To visual an example of the results of piglet vaccination and its benefits over time, Dr Rathkjen’s presentation employed a graph that moved to follow changes in the serum viral load and the animal’s clinical score, where pigs were either vaccinated or received no vaccine at two weeks old before being challenged with PRRSv four weeks later and tracked into growing-finishing. In reverse, the animation also could extrapolate lung lesions at day of slaughter back to events in the growing period.
See the face of your enemy, advised Dr Ivan Hernandez Caravaca of Boehringer Ingelheim Spain.
The genetic sequences identifying which variants of the virus are present on the farm can give multiple answers regarding PRRS. The sequencing process has real practical applications at farm level. One is to monitor isolates in a farm or geographic area. Another is to establish the herd’s current status, while a third possibility is to reveal the constraints that could potentially interfere with effective control.
Sequencing to track changes with time is useful also to keep an eye on biosecurity. In one example, finding the same sequence on two separate farms led to the discovery that the same manager visited both of them to do pregnancy testing of sows - and used the same ultrasound scanner on both sites on the same day.
How often to sequence? Doing it just once per year may address whether something found is a new virus on the farm or an evolution of the resident virus.
How to manage the data obtained? Dr Hernandez referred to the Disease BioPortal internet concept developed originally to provide information on foot-and-mouth disease, but since extended to PRRS with the backing of a US$ 2 million investment by Boehringer Ingelheim. It depicts the real-time evolution of sequences on a farm, in an area and even worldwide.
Are the ways used for costing PRRS really correct? Swine economist Dr Dennis diPietre of KnowledgeVentures Inc. suggested that this was doubtful. Most probably, he commented, the economic impact of the disease on European pig herds has been under-estimated by being too low on cost effects and too high on expected sales.
When a dataset from a real operation was made available to him, Dr diPietre used it to calculate detailed costings in a model taking performance figures from herds in Northern Europe and pig prices from European records. This exercise concluded that while total costs in herds without PRRS over a period of three years worked out on average at 36.63 Euros per pig weaned, with the disease these costs increased to 42.14 Euros per weaned piglet.

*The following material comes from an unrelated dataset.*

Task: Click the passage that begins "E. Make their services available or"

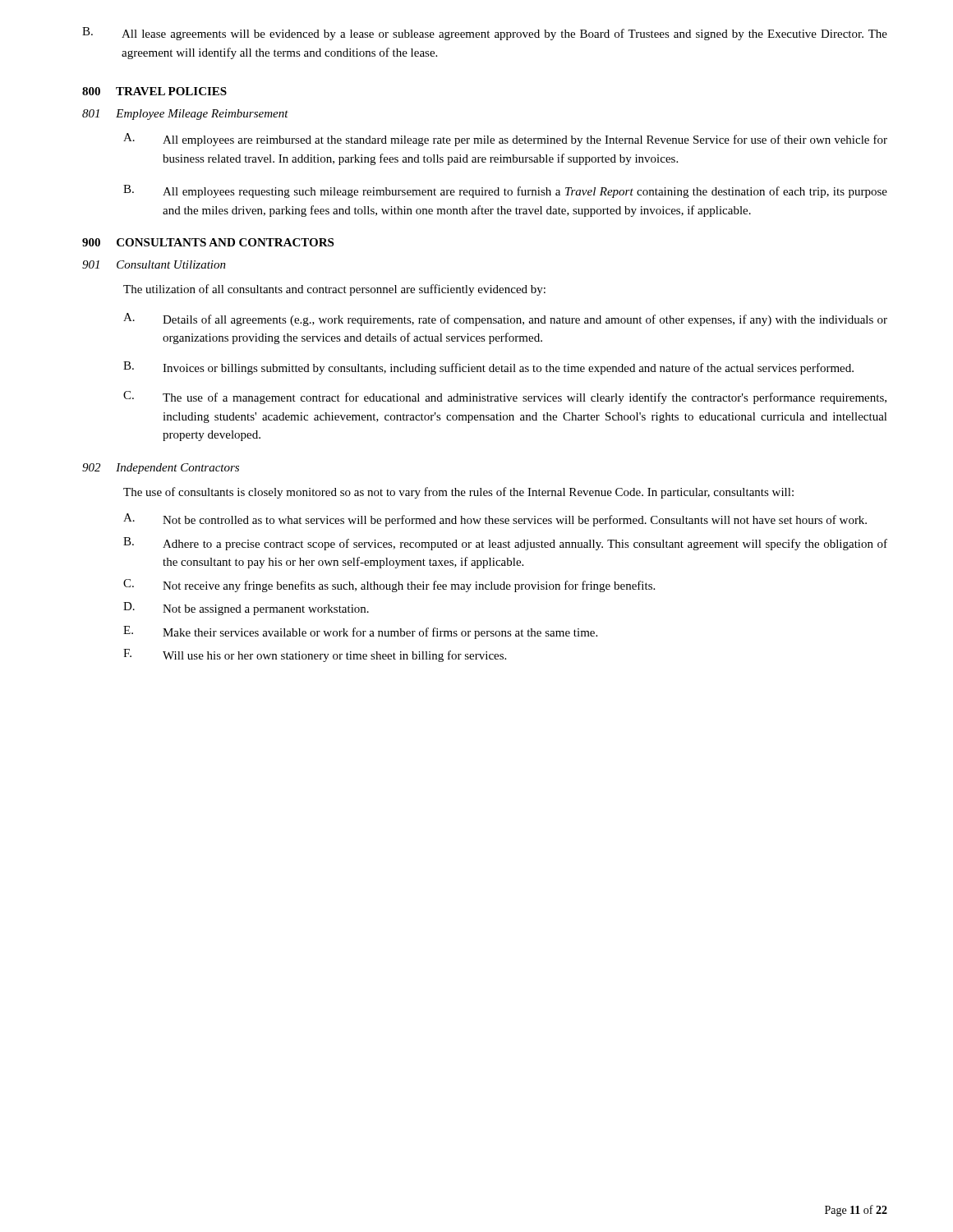Action: click(505, 632)

He added, most estimates of costs are based on a performance difference measured between healthy and infected pigs, converted into economic impact per pig and multiplied by the number of pigs involved. But extrapolating individual results or averages to the whole herd is unlikely to be an accurate way of costing the disease in the case of PRRS, not least because of the presence of sub-populations affected to different degrees by the infection.
When taking subpopulations in the nursery and fattening into account the findings tell us that the average loss per head due to PRRS is close to 12€. The important concept to consider here is that the cost of PRRS can much lower or higher since categories contained a wide and uneven distribution around the mean and this was true also for the calculation of net income, but the principle remained firm that when PRRS strikes it beings a fall in profitability and a greater expectation of operating at a loss.
Summarising the meeting in numbers, swine technical head Dr Oliver Duran said it had comprised 10 hours of content and six excellent speakers as well as those 5 Steps and the 200 people attending. It had also been a valuable opportunity to learn and to exchange ideas about controlling PRRS, which remains probably the most important swine disease economically in the world today.